### EXERCISE AIM
In the entries below, which lines run from the one containing "Keep it short and to the point. 1.36." to the one containing "Offer a very short reply. 1.06."? Copy exactly those lines, ends included, and no others.

### EXERCISE MATERIALS

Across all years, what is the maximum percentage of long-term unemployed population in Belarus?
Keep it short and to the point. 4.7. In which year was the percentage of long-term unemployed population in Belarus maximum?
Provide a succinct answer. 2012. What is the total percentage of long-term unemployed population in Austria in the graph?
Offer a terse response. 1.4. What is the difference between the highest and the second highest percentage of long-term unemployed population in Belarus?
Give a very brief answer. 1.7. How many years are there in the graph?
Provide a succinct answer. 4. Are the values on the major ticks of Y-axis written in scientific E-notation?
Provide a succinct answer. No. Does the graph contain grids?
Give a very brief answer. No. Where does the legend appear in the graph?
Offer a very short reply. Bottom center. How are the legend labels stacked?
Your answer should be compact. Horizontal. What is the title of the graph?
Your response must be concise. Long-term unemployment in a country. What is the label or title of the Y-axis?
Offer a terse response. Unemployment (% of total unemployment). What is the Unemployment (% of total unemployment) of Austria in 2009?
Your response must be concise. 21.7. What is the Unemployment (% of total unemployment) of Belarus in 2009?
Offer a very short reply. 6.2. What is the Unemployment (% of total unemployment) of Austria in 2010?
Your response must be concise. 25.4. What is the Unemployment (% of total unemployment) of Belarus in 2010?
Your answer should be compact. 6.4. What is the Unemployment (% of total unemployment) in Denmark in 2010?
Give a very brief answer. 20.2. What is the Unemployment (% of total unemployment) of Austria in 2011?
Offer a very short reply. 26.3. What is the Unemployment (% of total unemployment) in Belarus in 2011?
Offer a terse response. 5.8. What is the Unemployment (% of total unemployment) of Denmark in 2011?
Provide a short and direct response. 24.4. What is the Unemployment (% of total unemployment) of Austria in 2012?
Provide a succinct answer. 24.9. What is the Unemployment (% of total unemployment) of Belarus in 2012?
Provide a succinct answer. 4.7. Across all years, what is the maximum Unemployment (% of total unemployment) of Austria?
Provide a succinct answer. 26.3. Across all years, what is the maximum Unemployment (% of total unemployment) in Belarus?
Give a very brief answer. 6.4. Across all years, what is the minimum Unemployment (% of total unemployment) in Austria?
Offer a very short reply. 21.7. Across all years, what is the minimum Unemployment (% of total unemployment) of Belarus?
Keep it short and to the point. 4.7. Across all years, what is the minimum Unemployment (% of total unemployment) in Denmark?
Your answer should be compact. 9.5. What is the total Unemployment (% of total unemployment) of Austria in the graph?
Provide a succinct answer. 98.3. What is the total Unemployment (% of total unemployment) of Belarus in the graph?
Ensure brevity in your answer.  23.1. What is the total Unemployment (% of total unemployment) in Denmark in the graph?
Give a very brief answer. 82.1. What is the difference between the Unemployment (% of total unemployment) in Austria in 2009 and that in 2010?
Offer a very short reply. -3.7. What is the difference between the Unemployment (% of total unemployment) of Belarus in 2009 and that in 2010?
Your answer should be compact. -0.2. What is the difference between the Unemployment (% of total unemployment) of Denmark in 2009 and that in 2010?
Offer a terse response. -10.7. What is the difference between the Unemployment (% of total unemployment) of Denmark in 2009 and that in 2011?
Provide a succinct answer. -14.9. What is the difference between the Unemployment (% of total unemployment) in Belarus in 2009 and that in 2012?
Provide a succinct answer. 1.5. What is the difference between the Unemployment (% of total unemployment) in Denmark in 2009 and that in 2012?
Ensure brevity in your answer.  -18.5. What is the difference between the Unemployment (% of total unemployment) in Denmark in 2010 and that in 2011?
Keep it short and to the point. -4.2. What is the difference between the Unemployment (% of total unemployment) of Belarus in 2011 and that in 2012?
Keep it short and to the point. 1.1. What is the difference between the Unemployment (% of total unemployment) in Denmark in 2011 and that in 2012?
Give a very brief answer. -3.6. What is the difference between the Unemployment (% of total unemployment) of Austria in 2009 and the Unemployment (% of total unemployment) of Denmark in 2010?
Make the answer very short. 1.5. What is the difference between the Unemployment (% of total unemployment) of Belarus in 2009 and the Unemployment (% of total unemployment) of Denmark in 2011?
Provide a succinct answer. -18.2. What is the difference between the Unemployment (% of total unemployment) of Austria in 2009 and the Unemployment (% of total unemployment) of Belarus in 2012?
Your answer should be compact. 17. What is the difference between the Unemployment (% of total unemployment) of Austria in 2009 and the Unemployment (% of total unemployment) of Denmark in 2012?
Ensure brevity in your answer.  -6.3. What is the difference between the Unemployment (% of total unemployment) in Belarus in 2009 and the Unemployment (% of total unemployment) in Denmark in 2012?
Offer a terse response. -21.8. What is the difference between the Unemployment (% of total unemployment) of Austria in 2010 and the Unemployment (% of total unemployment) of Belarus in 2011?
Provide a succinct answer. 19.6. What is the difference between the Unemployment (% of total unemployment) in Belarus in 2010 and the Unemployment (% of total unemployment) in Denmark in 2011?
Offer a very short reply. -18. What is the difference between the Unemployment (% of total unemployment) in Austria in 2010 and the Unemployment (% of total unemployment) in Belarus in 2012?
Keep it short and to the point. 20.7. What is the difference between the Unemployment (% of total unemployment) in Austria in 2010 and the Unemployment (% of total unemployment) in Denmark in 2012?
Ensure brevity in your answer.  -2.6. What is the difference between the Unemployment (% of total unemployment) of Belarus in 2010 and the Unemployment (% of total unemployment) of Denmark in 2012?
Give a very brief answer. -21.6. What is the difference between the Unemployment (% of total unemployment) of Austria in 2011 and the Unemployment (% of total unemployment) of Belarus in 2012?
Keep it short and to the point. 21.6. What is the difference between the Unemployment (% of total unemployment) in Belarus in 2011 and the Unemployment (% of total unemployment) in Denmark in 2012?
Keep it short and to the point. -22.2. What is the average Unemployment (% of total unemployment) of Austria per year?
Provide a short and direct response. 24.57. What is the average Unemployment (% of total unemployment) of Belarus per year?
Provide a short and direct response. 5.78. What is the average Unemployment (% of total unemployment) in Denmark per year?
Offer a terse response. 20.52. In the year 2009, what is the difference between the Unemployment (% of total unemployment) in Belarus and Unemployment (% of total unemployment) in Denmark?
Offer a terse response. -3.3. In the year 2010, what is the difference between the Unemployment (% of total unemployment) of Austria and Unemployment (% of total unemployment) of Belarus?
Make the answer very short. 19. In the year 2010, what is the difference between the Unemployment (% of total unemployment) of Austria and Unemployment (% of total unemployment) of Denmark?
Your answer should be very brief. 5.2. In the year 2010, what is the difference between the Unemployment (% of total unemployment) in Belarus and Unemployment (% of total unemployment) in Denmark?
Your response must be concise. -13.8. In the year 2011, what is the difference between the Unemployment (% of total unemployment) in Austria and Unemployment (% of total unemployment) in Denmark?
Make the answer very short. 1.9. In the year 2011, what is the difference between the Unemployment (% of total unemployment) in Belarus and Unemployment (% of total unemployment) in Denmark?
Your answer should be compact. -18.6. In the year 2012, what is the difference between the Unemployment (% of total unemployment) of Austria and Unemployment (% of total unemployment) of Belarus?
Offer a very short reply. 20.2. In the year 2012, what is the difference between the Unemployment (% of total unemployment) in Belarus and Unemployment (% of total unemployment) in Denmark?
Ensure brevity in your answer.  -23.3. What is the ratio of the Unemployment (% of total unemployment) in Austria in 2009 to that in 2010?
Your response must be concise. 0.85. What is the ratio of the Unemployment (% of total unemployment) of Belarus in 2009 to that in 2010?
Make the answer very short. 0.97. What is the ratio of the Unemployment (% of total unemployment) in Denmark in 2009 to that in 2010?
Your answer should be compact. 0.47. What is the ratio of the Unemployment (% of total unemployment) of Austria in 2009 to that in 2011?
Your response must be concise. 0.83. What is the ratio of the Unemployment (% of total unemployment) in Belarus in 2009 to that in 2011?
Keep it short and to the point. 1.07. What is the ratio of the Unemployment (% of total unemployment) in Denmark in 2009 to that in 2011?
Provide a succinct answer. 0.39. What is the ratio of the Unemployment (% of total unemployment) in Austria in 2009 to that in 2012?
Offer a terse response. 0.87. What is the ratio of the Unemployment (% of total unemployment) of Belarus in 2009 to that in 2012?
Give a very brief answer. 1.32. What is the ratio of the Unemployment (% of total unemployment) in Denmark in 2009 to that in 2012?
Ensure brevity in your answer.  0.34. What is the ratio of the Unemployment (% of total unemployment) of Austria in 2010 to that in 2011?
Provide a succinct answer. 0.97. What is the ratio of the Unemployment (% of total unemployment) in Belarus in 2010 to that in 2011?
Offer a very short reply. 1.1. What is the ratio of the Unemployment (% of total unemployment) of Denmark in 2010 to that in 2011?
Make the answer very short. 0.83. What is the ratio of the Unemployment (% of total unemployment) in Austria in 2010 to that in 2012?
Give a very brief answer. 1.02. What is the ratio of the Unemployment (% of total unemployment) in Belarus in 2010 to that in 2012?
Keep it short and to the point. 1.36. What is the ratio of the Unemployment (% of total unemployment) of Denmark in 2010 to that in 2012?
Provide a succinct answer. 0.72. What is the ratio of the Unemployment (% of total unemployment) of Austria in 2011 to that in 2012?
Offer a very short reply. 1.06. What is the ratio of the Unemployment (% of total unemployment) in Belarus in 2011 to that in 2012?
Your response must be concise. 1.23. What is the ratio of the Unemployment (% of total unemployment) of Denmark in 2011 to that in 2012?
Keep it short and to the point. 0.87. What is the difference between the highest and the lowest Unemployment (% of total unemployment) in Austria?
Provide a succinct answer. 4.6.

######

### PROBLEM SOLUTION
Keep it short and to the point. 1.36. What is the ratio of the Unemployment (% of total unemployment) of Denmark in 2010 to that in 2012?
Provide a succinct answer. 0.72. What is the ratio of the Unemployment (% of total unemployment) of Austria in 2011 to that in 2012?
Offer a very short reply. 1.06. What is the ratio of the Unemployment (% of total unemployment) in Belarus in 2011 to that in 2012?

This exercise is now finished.